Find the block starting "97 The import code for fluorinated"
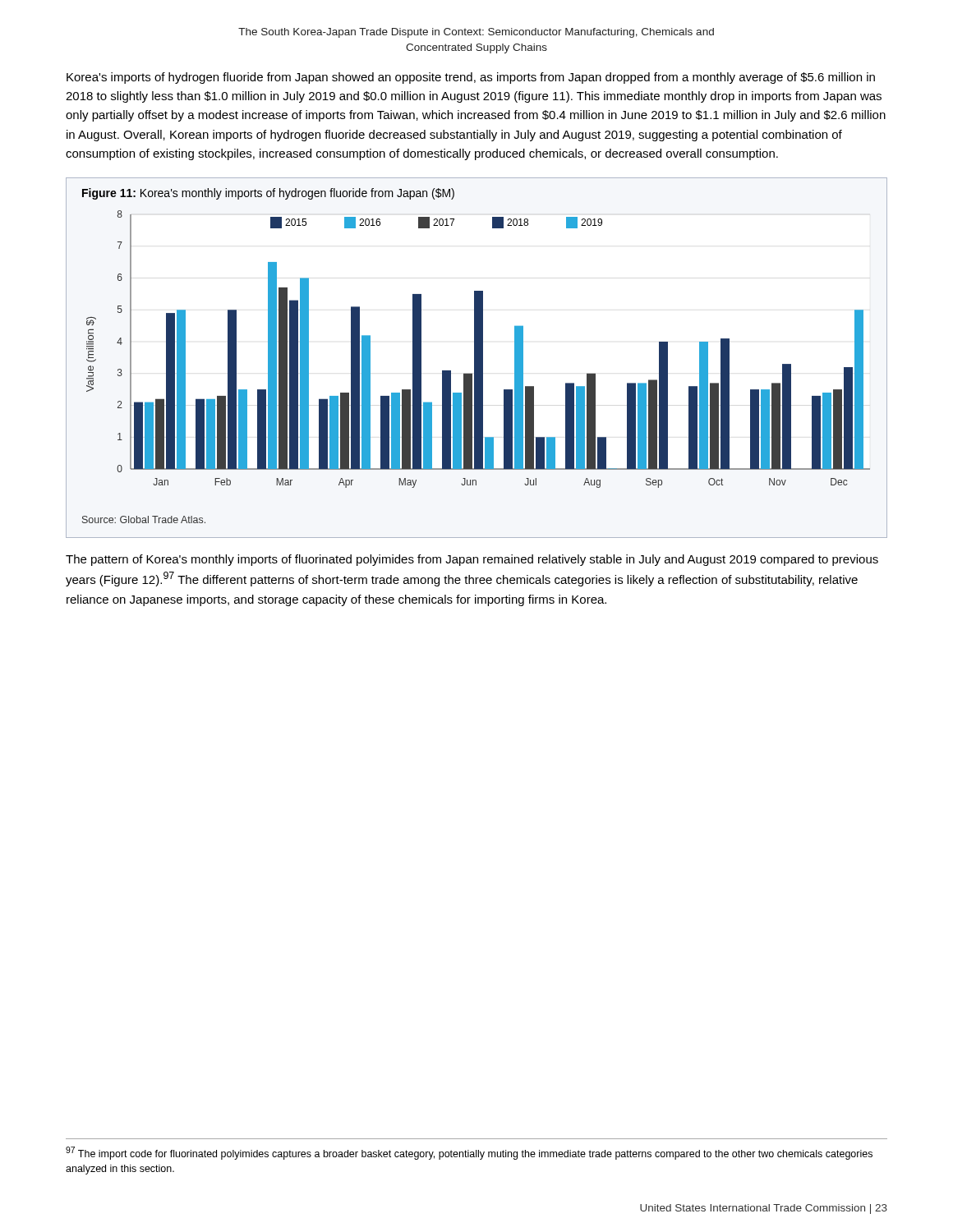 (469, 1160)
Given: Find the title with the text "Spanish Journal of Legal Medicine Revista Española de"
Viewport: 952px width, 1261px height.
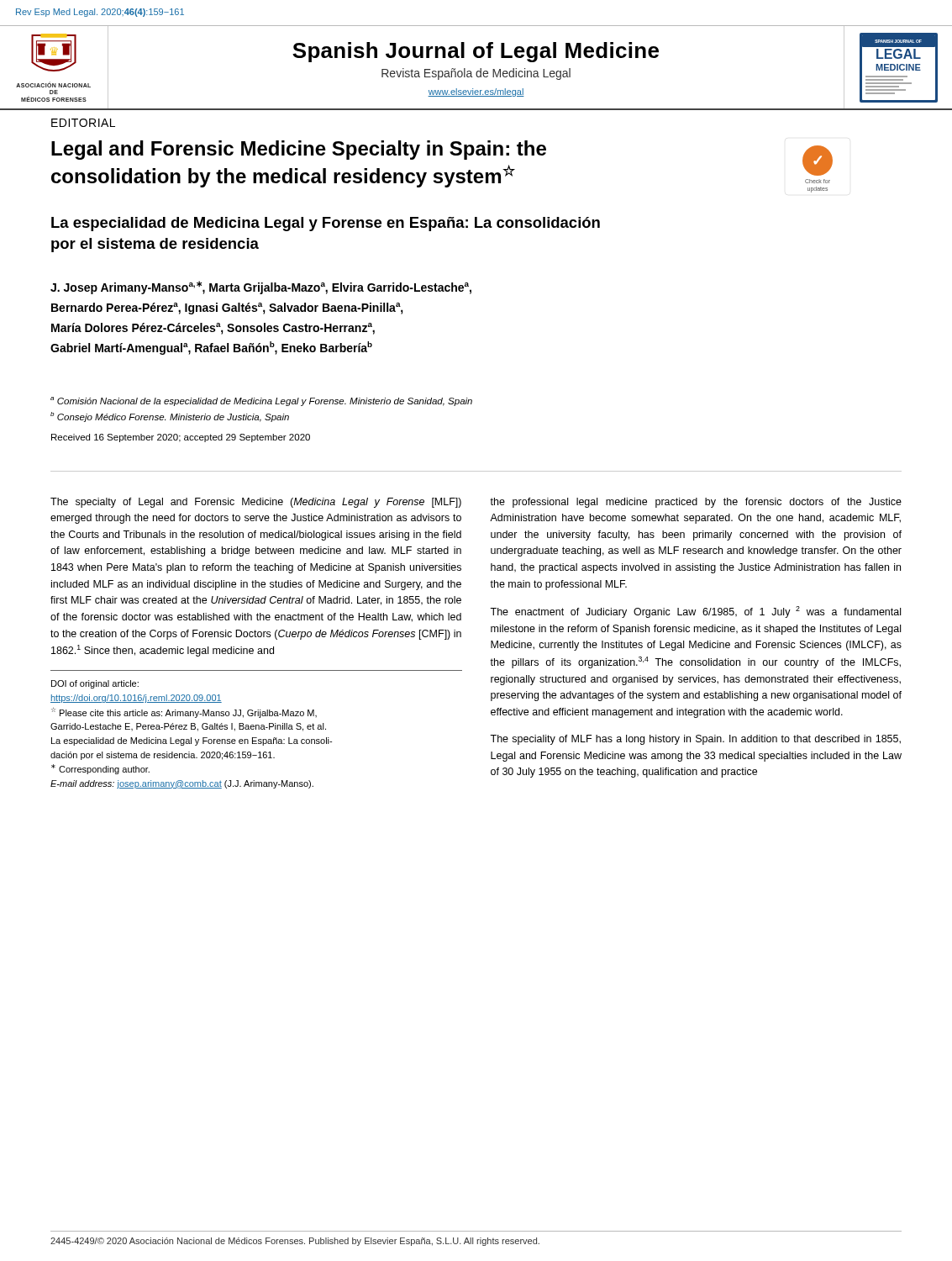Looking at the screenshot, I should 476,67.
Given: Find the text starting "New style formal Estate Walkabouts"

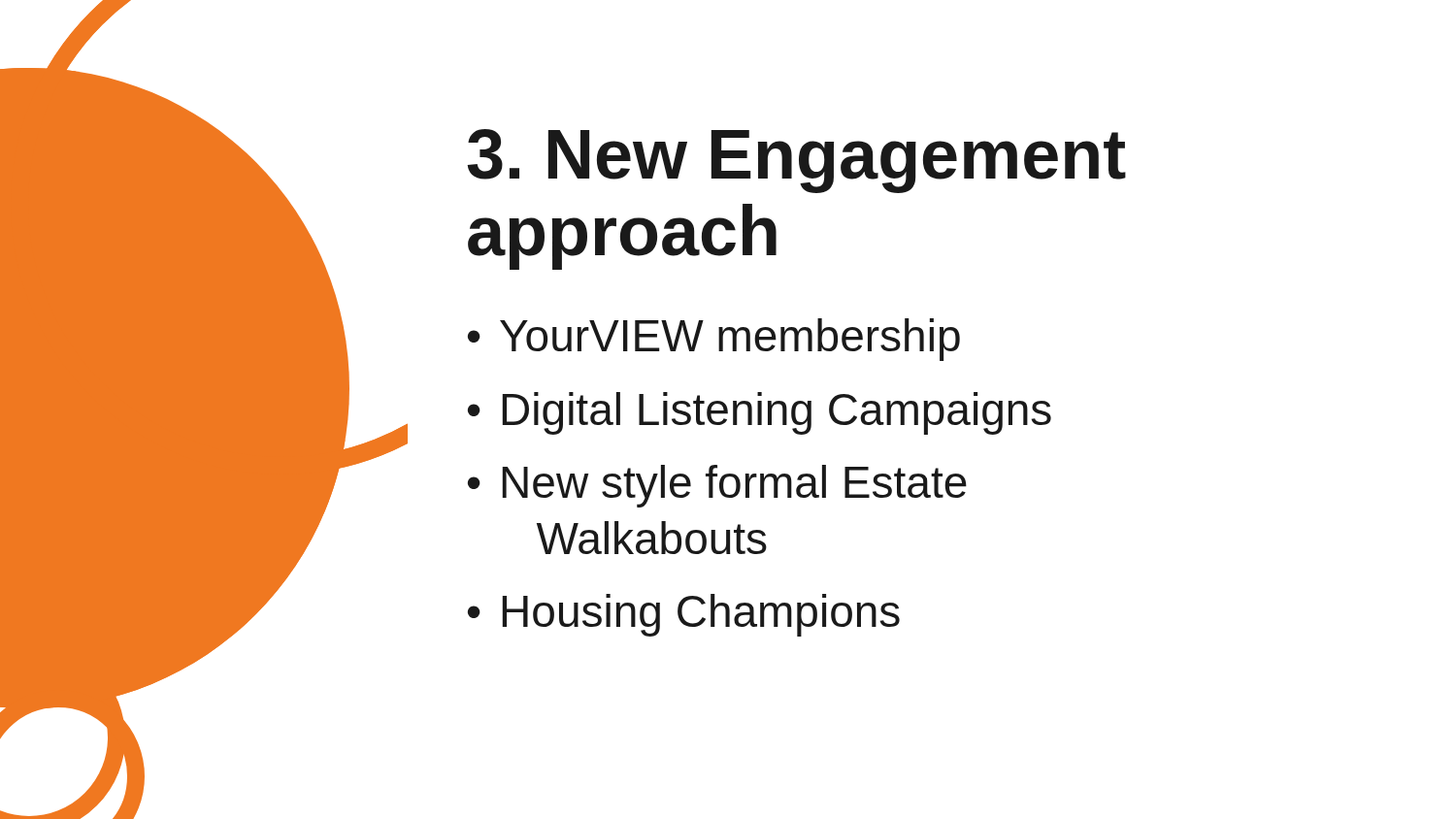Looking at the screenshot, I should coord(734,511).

####################

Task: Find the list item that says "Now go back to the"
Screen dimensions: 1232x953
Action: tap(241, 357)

####################

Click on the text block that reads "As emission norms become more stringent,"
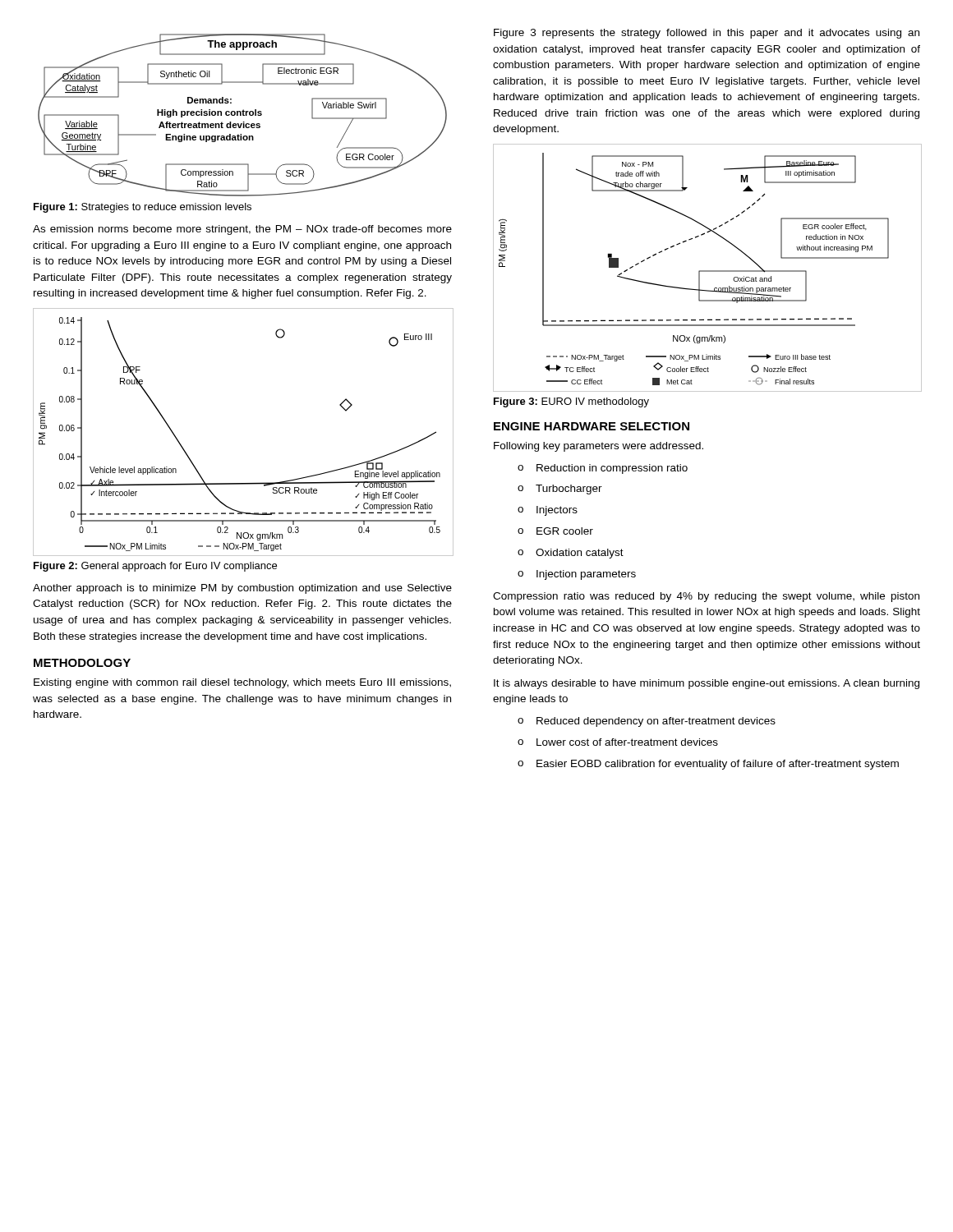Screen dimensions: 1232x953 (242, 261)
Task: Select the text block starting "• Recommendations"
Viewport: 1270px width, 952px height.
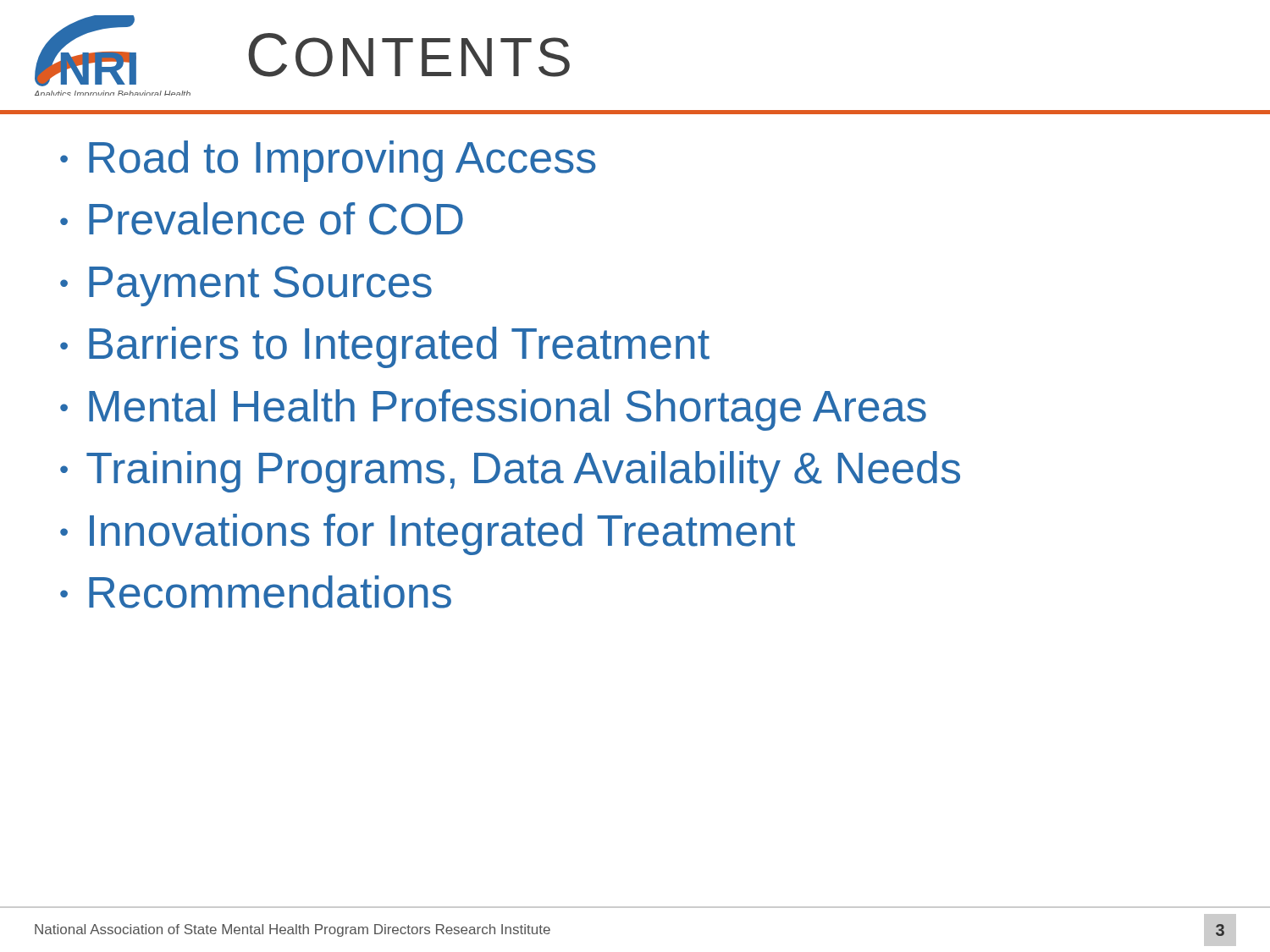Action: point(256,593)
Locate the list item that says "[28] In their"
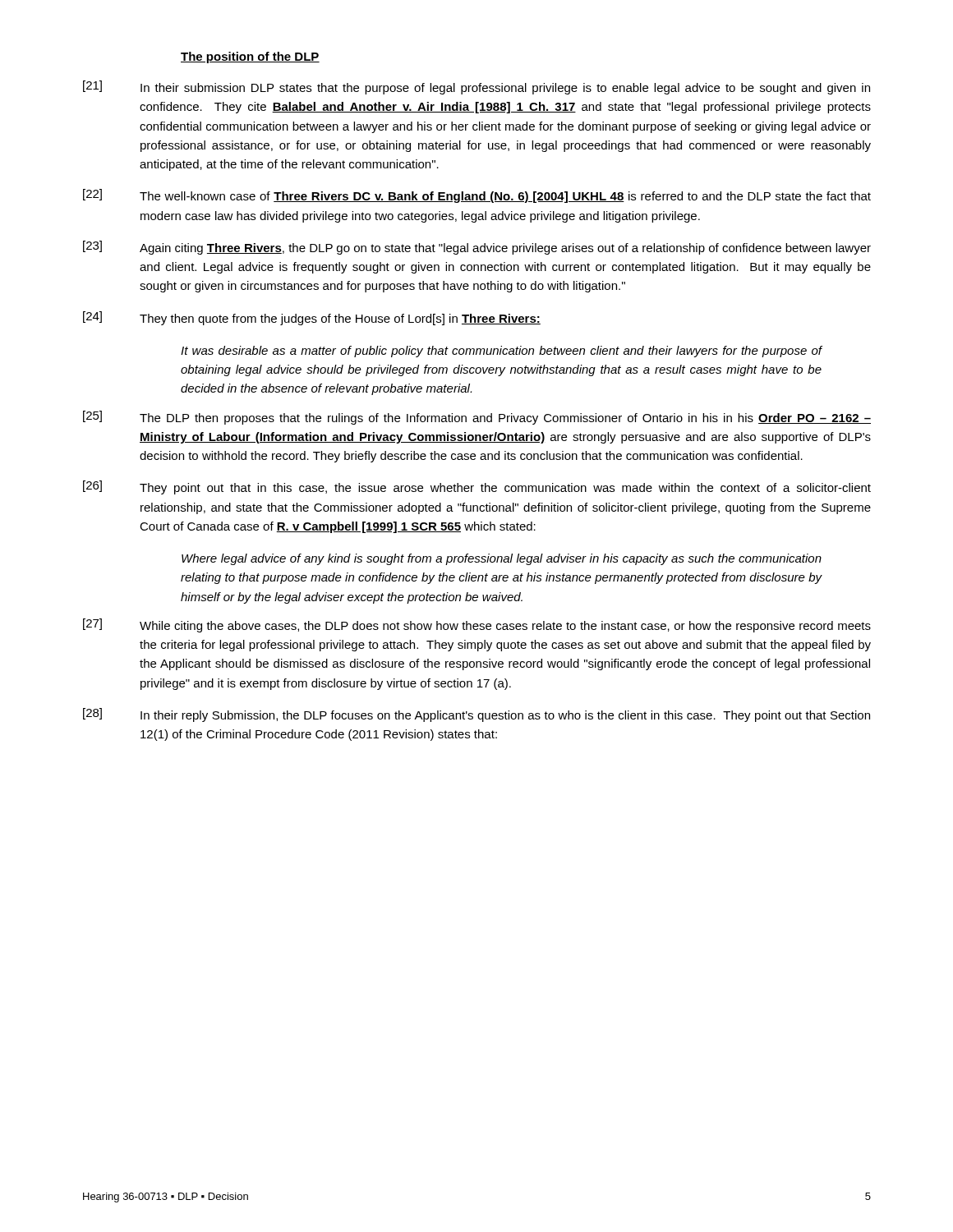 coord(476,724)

####################

The string "Task" shows up in some lines of the listing. Copy each such line.

▸ Expected output:
Task: Find the list item that says "Now go back to the"
Task: Select the text block starting "• Recommendations"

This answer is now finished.